We could be online until the sun rises debating about different command line environments but if AWS (for example) haven’t released an official CLI utility for Amiga DOS then your position is ultimately just an academic one.




Amiga DOS !== UNIX CLI, and if you don't get why, well so be it, lets worship 1970's printer hardware instead.


I'm giving you the benefit of the doubt that you're just mistaken rather than trolling:

1. I never said Amiga DOS was the same as UNIX CLI. In fact I never even compared the two, that was all you

2. I do get why different command line interfaces are different -- I author a significant amount of code towards terminal emulators, shells, command line tools and maintain a hell of a lot of retro systems. So I'm definitely experienced on this subject. In fact I bet I could teach you a thing or two on this topic too ;) But that wasn't the point of what was being discussed. We were talking about the state of the status quo, not how some niche interface that nobody has used for serious work in nearly 30 years compares to the entrenched standard.

3. I never once said the UNIX CLI was peak command line design either. In fact I actually said the exact opposite. What I actually said was that it was dominant. Dominance != well designed

4. ANSI escape sequences, the $TERM env var, and all the other terminal UX stuff that are being discussed here, came about with hardware terminals like the VT-series. Yes, teletypes are part of mainframe history, but they're not relevant to this specific discussion here. Terminal emulators don't emulate a teletype, the POSIX kernel does that. Terminal emulators ostensibly just open a file and emulate how VTs interpreted ANSI escape sequences. This is the same reason why you can have terminal emulators on Windows (like PuTTY, Microsoft Terminal, and my own terminal emulator) despite Windows never having a concept of a PTY. Though, perhaps ironically, Windows now does support an approximation of a PTY.

---

My point was very clear: the current status quo sucks but it would be an order of magnitude more work re-implementing everything from scratch and it ultimately wouldn't likely gain adoption anyway because of the momentum behind the current status quo. Microsoft understood this and ended up re-implementing some of the concepts despite literally decades fighting against it.

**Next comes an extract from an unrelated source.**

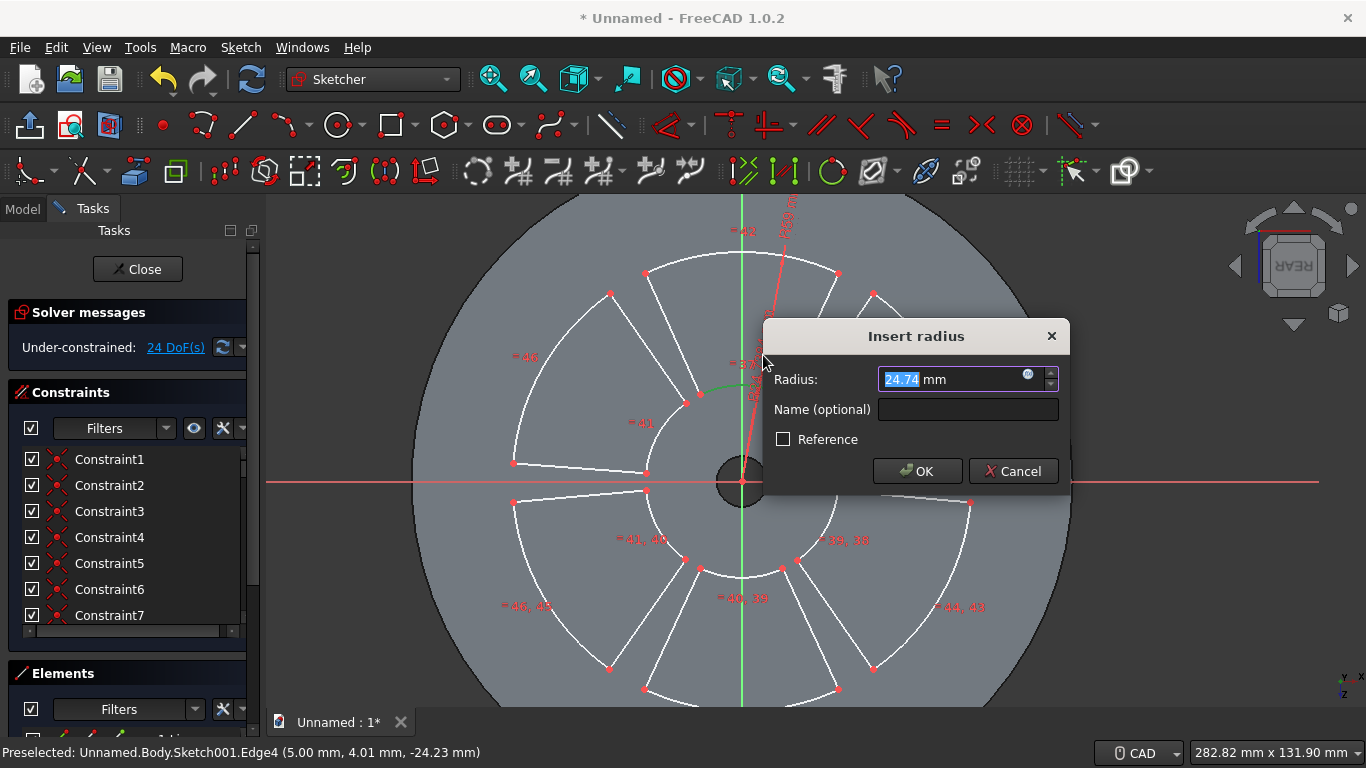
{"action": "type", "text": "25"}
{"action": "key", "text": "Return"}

History is littered with examples of sub-par technologies becoming dominant because they work just good enough to maintain any initial momentum they have behind them. And people would sooner use what they're familiar with than learn something entirely new just because it is technically better.

And the fact that you keep harping on about Amiga DOS is, frankly, absurd. I love the Amiga, I honestly do. I have one sat next to me right now. But if there was one example in history of a command line interface that sucked more than the Bourne shell, it would be DOS. Mentioning Lisp machines might have earned you a little kudos yet you chose to lead with Amiga DOS.....


You were the one that was so eager to reply that didn't even bother to go past the first line of my comment, and that says it all.

All the non-UNIX platforms eventually had to come up with POSIX support, because apparently people cannot stop to see UNIX on everything that has a CPU, other platforms be dammed, they better come up with POSIX support, including terminal escape codes.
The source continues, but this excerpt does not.